Date: Tuesday, November 7th, 2017

Duration: 10:00 am - 4.00 pm

20 available places

Cost: US$20.00 per person, including transport from the conference hotel, museum entrance and tour guide in English. Note that food/lunch is not included.

http://www.castillodechapultepec.inah.gob.mx/

 

Templo Mayor, Downtown

This museum - designed by the architect Pedro Ramírez Vázquez (1919-2013) - was created to exhibit more than seven thousand objects found during the excavations (between 1978 and 2982) in what was the Sacred Precinct of the Mexica culture. The museographic project is based on the distribution itself of the Templo Mayor, where Tlaloc, god of the rain, and Huitzilopochtli, sole deity of the war, were worshiped. Nestled in the "heart" of Mexico City, the site offers visitors the opportunity to experience Mexican vestiges through its eight halls: Archaeological Background, Ritual and Sacrifice, Tribute and Trade, Huitzilopochtli, Tlaloc, Flora and Fauna, Agriculture and Historical Archeology.

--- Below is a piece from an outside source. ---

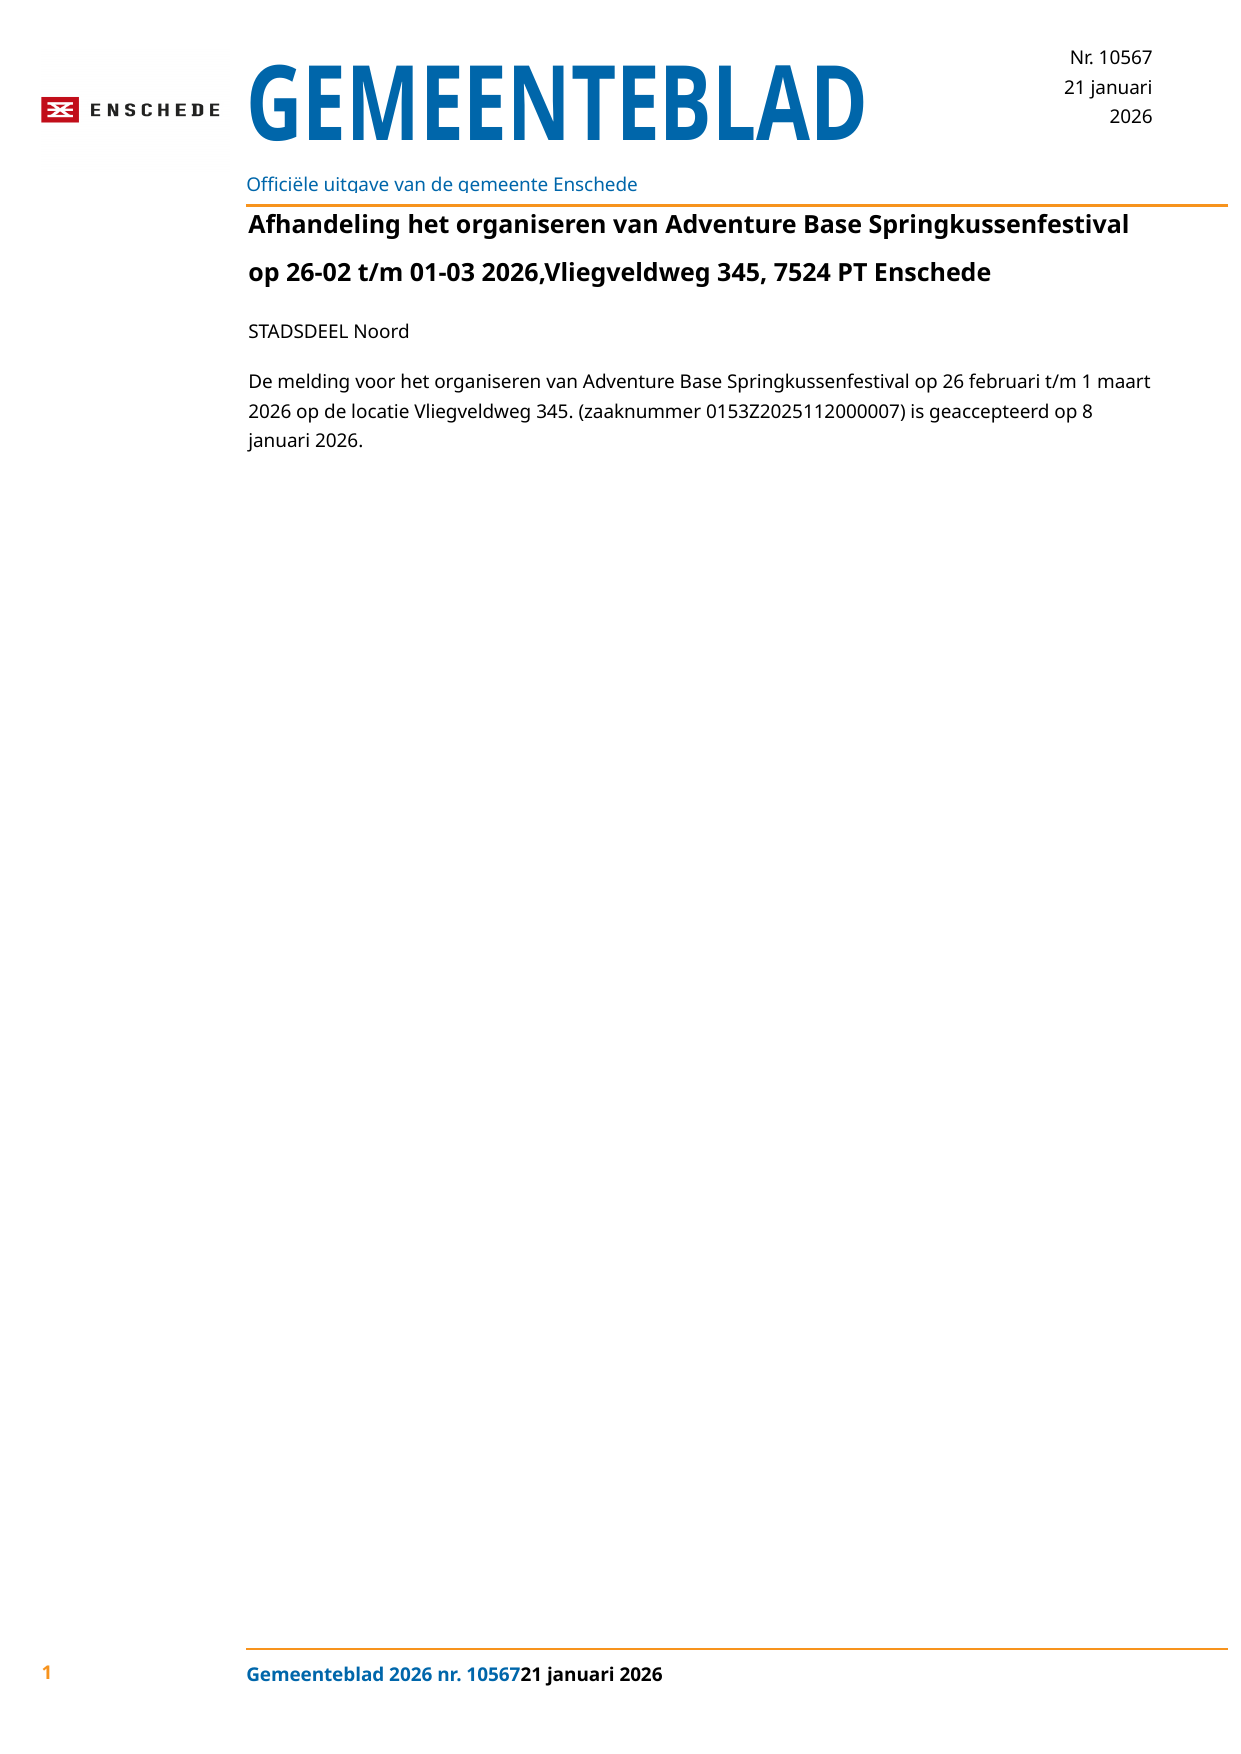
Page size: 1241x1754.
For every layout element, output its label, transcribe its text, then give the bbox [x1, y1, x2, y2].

Date: Wednesday, November 8th, 2017

Duration: 10:00 am - 4.00 pm

20 available places

Cost: US$20.00 per person, including transport from the conference hotel, museum entrance and tour guide in English. Note that food/lunch is not included.

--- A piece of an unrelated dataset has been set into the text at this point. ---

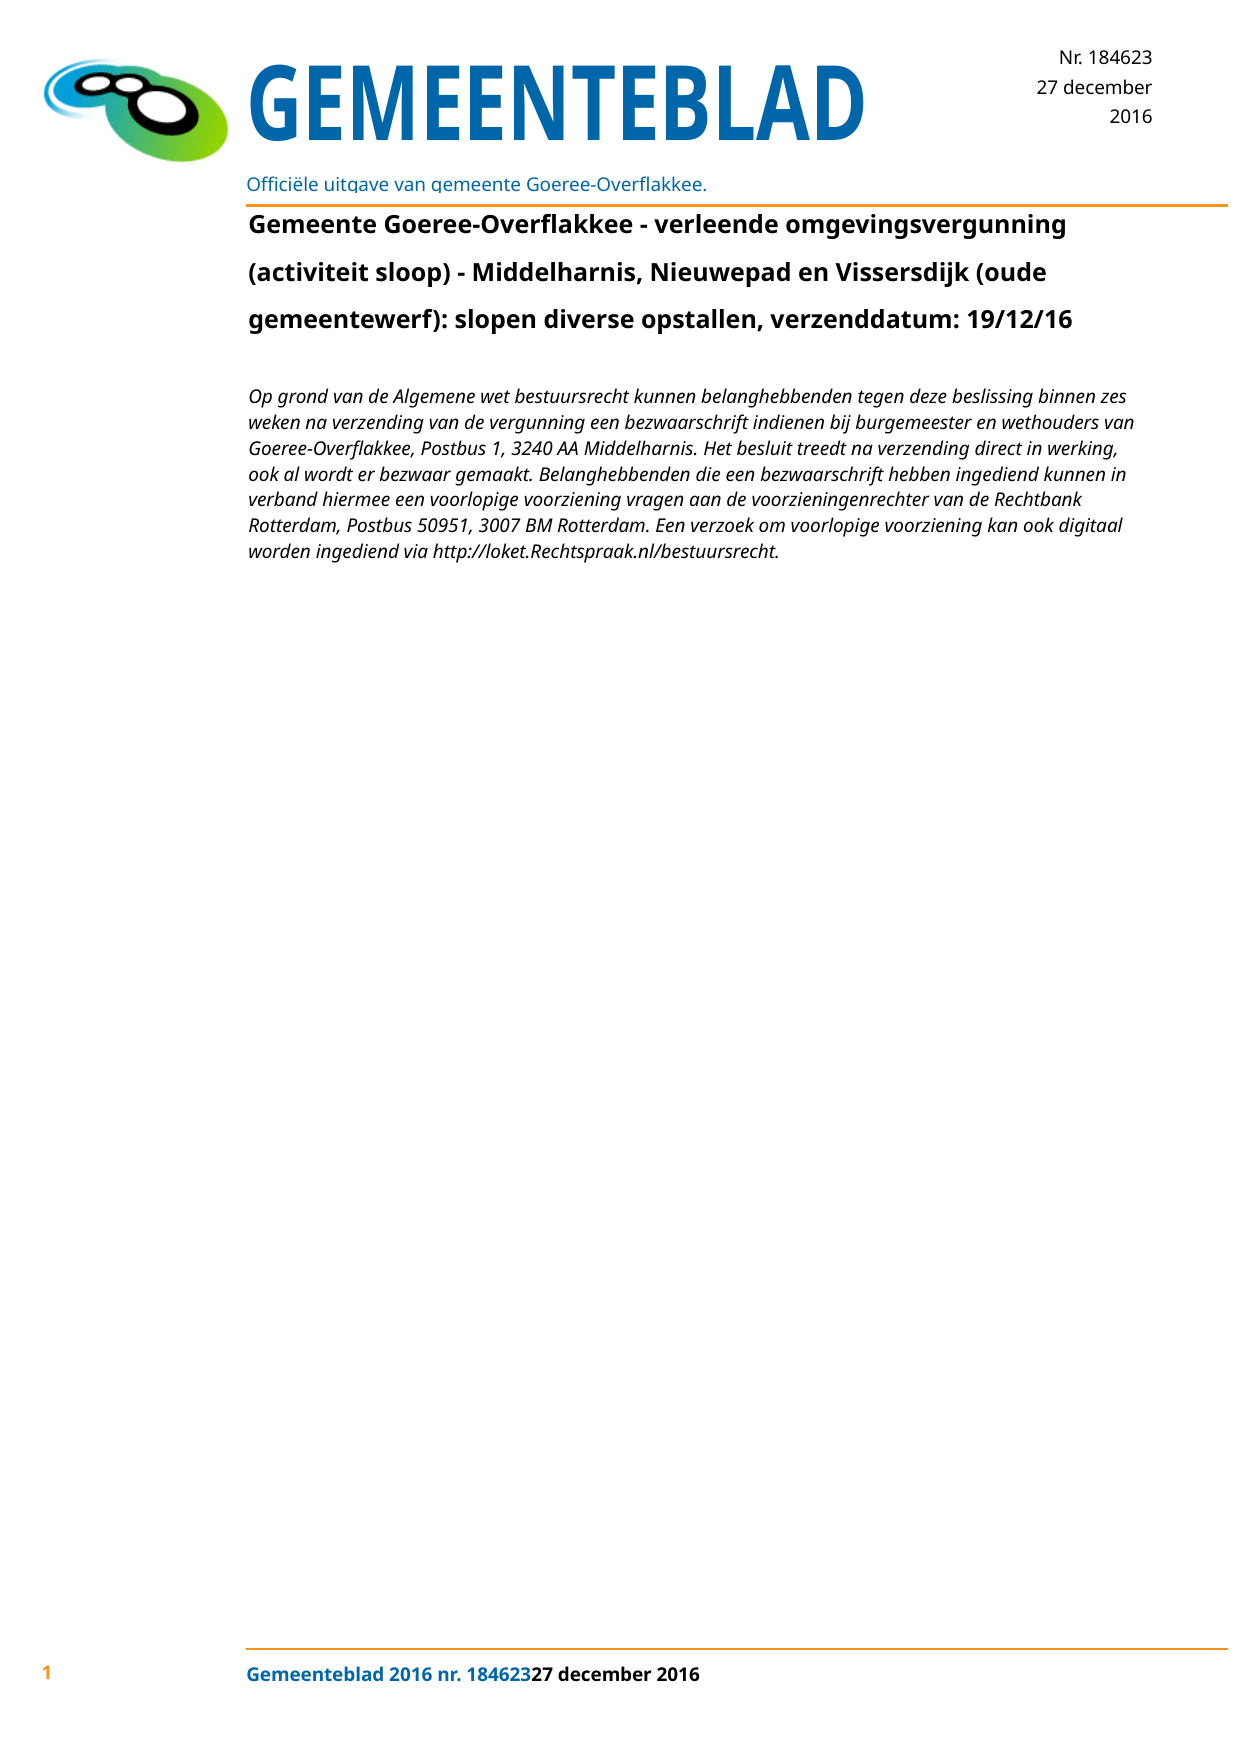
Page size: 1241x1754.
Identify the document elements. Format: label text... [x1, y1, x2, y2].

text Gemeente Goeree-Overflakkee - verleende omgevingsvergunning (activiteit sloop) - Middelharnis, Nieuwepad en Vissersdijk (oude gemeentewerf): slopen diverse opstallen, verzenddatum: 19/12/16 [248, 207, 1152, 336]
picture [41, 47, 231, 172]
text Op grond van de Algemene wet bestuursrecht kunnen belanghebbenden tegen deze beslissing binnen zes weken na verzending van de vergunning een bezwaarschrift indienen bij burgemeester en wethouders van Goeree-Overflakkee, Postbus 1, 3240 AA Middelharnis. Het besluit treedt na verzending direct in werking, ook al wordt er bezwaar gemaakt. Belanghebbenden die een bezwaarschrift hebben ingediend kunnen in verband hiermee een voorlopige voorziening vragen aan de voorzieningenrechter van de Rechtbank Rotterdam, Postbus 50951, 3007 BM Rotterdam. Een verzoek om voorlopige voorziening kan ook digitaal worden ingediend via http://loket.Rechtspraak.nl/bestuursrecht. [248, 384, 1152, 564]

http://www.templomayor.inah.gob.mx/

 

Xochicalco

Xochicalco is an archeological site of the period known as Epiclásico (700-900 AD) characterized by the emergence of cities in central Mexico after the decline of Teotihuacan city and the void of power left by it. This period is characterized by a series of events that give way to the foundation of Tula, after a series of migrations of groups inhabiting central Mexico; this coincides with the abandonment of the sites of the north of Mesoamerica and the collapse of the Mayan cities of the low lands of the center and the south. It has been suggested that these events led in Xochicalco to the arrival of various groups from different parts of the Mesoamerican region. The reliefs of the feathered serpents in the temple of the same name suggest Teotihuacan and Mayan influences. On the other hand, its position on the top of a mountain, like other population centers of that time, suggests a period of war between cities with small territories, in the absence of a hegemonic city, however this interpretation has been refuted recently in favor of the symbolic and territorial elements: hill, water, settlement. One of the most interesting spaces of this site is an astronomical observatory in a cave that is accessed through a stairway carved in the rock. In this, for a period of 150 days a year, from April 30, the sun is seen to enter by a vertical duct of small dimensions perforated in the rock. Chronology: 200 a. C. at 1000 d. C Main chronological location: Epiclassic, 650 to 900 d. C.

Date: Saturday, November 11th, 2017

Duration: 9:00 am - 6 pm

40 available places

Cost: US$50.00 per person, including box lunch, transport from the conference hotel, museum entrance and tour guide in English.